#### WHAT IS EXPECTED
Without including any pictures, reproduce the full listing exactly.

#### INPUT FOR THIS TASK
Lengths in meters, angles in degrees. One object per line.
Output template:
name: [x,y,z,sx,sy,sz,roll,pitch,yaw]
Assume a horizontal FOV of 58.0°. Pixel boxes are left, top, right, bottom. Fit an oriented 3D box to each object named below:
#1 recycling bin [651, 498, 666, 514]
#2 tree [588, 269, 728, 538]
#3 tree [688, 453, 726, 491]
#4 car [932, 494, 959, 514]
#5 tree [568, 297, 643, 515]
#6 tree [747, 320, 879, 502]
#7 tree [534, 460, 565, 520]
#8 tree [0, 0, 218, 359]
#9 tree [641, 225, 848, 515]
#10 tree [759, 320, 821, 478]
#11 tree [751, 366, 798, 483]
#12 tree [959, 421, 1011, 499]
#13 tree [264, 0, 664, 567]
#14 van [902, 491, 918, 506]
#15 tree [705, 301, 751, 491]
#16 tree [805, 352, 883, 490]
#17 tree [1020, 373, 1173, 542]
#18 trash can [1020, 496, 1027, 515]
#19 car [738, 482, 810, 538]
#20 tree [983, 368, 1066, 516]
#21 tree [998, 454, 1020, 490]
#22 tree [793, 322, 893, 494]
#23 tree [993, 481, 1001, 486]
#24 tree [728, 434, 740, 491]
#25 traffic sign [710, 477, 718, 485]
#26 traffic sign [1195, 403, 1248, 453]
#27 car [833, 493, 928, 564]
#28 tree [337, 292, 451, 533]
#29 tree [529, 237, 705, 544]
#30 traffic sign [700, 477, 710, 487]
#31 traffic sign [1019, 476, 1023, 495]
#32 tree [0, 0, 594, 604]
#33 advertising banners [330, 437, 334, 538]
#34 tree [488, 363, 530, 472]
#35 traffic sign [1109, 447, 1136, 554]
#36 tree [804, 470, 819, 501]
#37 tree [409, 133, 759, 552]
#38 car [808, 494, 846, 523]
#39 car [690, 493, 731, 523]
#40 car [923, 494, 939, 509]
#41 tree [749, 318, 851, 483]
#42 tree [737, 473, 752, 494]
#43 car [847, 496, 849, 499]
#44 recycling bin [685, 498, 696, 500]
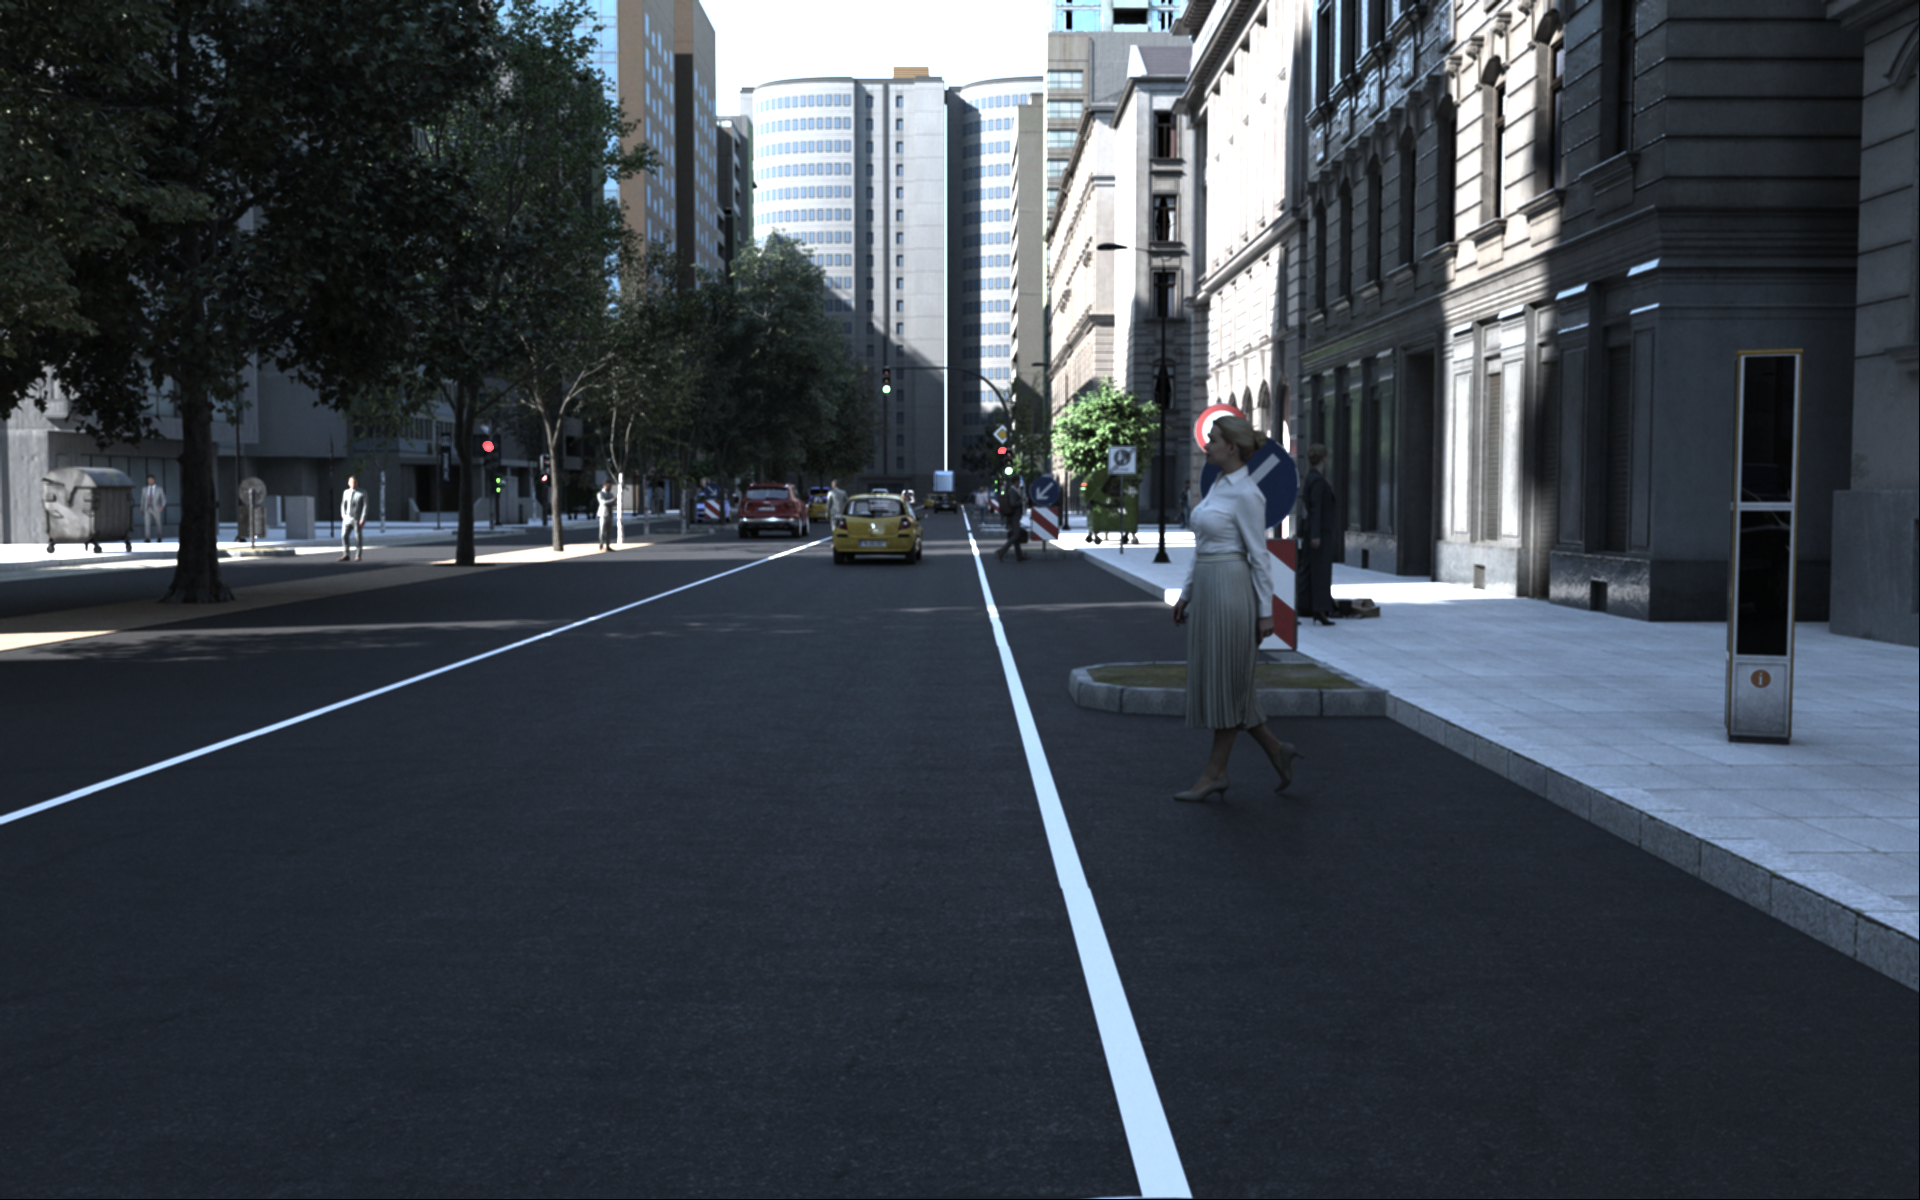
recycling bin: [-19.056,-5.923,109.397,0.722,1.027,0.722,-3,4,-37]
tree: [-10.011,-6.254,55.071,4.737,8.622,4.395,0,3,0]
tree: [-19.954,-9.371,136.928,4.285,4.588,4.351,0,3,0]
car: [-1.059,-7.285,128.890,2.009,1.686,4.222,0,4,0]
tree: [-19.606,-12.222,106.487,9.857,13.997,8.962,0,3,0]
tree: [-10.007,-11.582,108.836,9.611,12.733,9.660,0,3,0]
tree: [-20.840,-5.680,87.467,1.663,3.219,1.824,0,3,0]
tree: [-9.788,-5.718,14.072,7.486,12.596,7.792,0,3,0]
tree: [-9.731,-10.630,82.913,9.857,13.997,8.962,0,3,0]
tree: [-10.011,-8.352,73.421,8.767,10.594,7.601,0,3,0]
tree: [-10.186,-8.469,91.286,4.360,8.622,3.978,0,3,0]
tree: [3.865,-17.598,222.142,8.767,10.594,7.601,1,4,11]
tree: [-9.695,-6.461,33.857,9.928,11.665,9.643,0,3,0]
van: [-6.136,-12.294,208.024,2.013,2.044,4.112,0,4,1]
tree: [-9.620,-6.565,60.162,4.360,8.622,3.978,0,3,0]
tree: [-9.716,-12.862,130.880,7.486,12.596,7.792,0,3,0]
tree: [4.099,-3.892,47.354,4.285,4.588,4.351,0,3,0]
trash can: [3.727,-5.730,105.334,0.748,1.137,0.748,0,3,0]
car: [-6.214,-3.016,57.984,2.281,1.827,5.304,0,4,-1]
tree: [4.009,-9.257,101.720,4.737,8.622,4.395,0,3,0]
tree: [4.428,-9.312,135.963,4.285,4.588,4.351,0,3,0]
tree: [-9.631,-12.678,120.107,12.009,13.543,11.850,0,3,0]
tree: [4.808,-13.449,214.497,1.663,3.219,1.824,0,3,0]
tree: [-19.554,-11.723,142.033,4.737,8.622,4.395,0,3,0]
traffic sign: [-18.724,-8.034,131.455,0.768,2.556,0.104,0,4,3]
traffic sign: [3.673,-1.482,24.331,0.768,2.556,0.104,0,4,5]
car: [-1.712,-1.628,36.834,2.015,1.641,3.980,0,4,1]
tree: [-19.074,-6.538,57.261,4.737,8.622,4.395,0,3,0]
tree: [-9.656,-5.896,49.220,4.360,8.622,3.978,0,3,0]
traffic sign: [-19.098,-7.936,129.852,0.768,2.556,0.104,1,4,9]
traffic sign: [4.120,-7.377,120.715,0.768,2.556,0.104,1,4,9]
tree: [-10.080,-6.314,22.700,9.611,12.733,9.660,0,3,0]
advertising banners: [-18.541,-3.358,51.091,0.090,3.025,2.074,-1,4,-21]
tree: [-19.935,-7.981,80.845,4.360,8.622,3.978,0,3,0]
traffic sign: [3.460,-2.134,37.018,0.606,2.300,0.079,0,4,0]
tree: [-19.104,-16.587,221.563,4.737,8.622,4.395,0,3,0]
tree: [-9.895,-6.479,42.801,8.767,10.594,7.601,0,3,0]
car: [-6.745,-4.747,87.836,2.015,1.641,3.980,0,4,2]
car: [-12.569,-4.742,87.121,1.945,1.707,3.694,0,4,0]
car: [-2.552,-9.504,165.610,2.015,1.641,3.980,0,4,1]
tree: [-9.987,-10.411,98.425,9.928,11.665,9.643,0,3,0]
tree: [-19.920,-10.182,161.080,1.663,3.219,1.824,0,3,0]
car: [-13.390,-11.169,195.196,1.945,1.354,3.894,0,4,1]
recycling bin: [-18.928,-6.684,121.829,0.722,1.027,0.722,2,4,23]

#### EXPECTED ANSWER
Lengths in meters, angles in degrees. One object per line.
Output template:
name: [x,y,z,sx,sy,sz,roll,pitch,yaw]
Assume a horizontal FOV of 58.0°. Pixel boxes are left, top, right, bottom. Fit an oriented 3D box to each object named below:
#1 recycling bin [651, 498, 666, 514]
#2 tree [588, 269, 728, 538]
#3 tree [688, 453, 726, 491]
#4 car [932, 494, 959, 514]
#5 tree [568, 297, 643, 515]
#6 tree [747, 320, 879, 502]
#7 tree [534, 460, 565, 520]
#8 tree [0, 0, 218, 359]
#9 tree [641, 225, 848, 515]
#10 tree [759, 320, 821, 478]
#11 tree [751, 366, 798, 483]
#12 tree [959, 421, 1011, 499]
#13 tree [264, 0, 664, 567]
#14 van [902, 491, 918, 506]
#15 tree [705, 301, 751, 491]
#16 tree [805, 352, 883, 490]
#17 tree [1020, 373, 1173, 542]
#18 trash can [1020, 496, 1027, 515]
#19 car [738, 482, 810, 538]
#20 tree [983, 368, 1066, 516]
#21 tree [998, 454, 1020, 490]
#22 tree [793, 322, 893, 494]
#23 tree [993, 481, 1001, 486]
#24 tree [728, 434, 740, 491]
#25 traffic sign [710, 477, 718, 485]
#26 traffic sign [1195, 403, 1248, 453]
#27 car [833, 493, 928, 564]
#28 tree [337, 292, 451, 533]
#29 tree [529, 237, 705, 544]
#30 traffic sign [700, 477, 710, 487]
#31 traffic sign [1019, 476, 1023, 495]
#32 tree [0, 0, 594, 604]
#33 advertising banners [330, 437, 334, 538]
#34 tree [488, 363, 530, 472]
#35 traffic sign [1109, 447, 1136, 554]
#36 tree [804, 470, 819, 501]
#37 tree [409, 133, 759, 552]
#38 car [808, 494, 846, 523]
#39 car [690, 493, 731, 523]
#40 car [923, 494, 939, 509]
#41 tree [749, 318, 851, 483]
#42 tree [737, 473, 752, 494]
#43 car [847, 496, 849, 499]
#44 recycling bin [685, 498, 696, 500]
recycling bin: [-19.056,-5.923,109.397,0.722,1.027,0.722,-3,4,-37]
tree: [-10.011,-6.254,55.071,4.737,8.622,4.395,0,3,0]
tree: [-19.954,-9.371,136.928,4.285,4.588,4.351,0,3,0]
car: [-1.059,-7.285,128.890,2.009,1.686,4.222,0,4,0]
tree: [-19.606,-12.222,106.487,9.857,13.997,8.962,0,3,0]
tree: [-10.007,-11.582,108.836,9.611,12.733,9.660,0,3,0]
tree: [-20.840,-5.680,87.467,1.663,3.219,1.824,0,3,0]
tree: [-9.788,-5.718,14.072,7.486,12.596,7.792,0,3,0]
tree: [-9.731,-10.630,82.913,9.857,13.997,8.962,0,3,0]
tree: [-10.011,-8.352,73.421,8.767,10.594,7.601,0,3,0]
tree: [-10.186,-8.469,91.286,4.360,8.622,3.978,0,3,0]
tree: [3.865,-17.598,222.142,8.767,10.594,7.601,1,4,11]
tree: [-9.695,-6.461,33.857,9.928,11.665,9.643,0,3,0]
van: [-6.136,-12.294,208.024,2.013,2.044,4.112,0,4,1]
tree: [-9.620,-6.565,60.162,4.360,8.622,3.978,0,3,0]
tree: [-9.716,-12.862,130.880,7.486,12.596,7.792,0,3,0]
tree: [4.099,-3.892,47.354,4.285,4.588,4.351,0,3,0]
trash can: [3.727,-5.730,105.334,0.748,1.137,0.748,0,3,0]
car: [-6.214,-3.016,57.984,2.281,1.827,5.304,0,4,-1]
tree: [4.009,-9.257,101.720,4.737,8.622,4.395,0,3,0]
tree: [4.428,-9.312,135.963,4.285,4.588,4.351,0,3,0]
tree: [-9.631,-12.678,120.107,12.009,13.543,11.850,0,3,0]
tree: [4.808,-13.449,214.497,1.663,3.219,1.824,0,3,0]
tree: [-19.554,-11.723,142.033,4.737,8.622,4.395,0,3,0]
traffic sign: [-18.724,-8.034,131.455,0.768,2.556,0.104,0,4,3]
traffic sign: [3.673,-1.482,24.331,0.768,2.556,0.104,0,4,5]
car: [-1.712,-1.628,36.834,2.015,1.641,3.980,0,4,1]
tree: [-19.074,-6.538,57.261,4.737,8.622,4.395,0,3,0]
tree: [-9.656,-5.896,49.220,4.360,8.622,3.978,0,3,0]
traffic sign: [-19.098,-7.936,129.852,0.768,2.556,0.104,1,4,9]
traffic sign: [4.120,-7.377,120.715,0.768,2.556,0.104,1,4,9]
tree: [-10.080,-6.314,22.700,9.611,12.733,9.660,0,3,0]
advertising banners: [-18.541,-3.358,51.091,0.090,3.025,2.074,-1,4,-21]
tree: [-19.935,-7.981,80.845,4.360,8.622,3.978,0,3,0]
traffic sign: [3.460,-2.134,37.018,0.606,2.300,0.079,0,4,0]
tree: [-19.104,-16.587,221.563,4.737,8.622,4.395,0,3,0]
tree: [-9.895,-6.479,42.801,8.767,10.594,7.601,0,3,0]
car: [-6.745,-4.747,87.836,2.015,1.641,3.980,0,4,2]
car: [-12.569,-4.742,87.121,1.945,1.707,3.694,0,4,0]
car: [-2.552,-9.504,165.610,2.015,1.641,3.980,0,4,1]
tree: [-9.987,-10.411,98.425,9.928,11.665,9.643,0,3,0]
tree: [-19.920,-10.182,161.080,1.663,3.219,1.824,0,3,0]
car: [-13.390,-11.169,195.196,1.945,1.354,3.894,0,4,1]
recycling bin: [-18.928,-6.684,121.829,0.722,1.027,0.722,2,4,23]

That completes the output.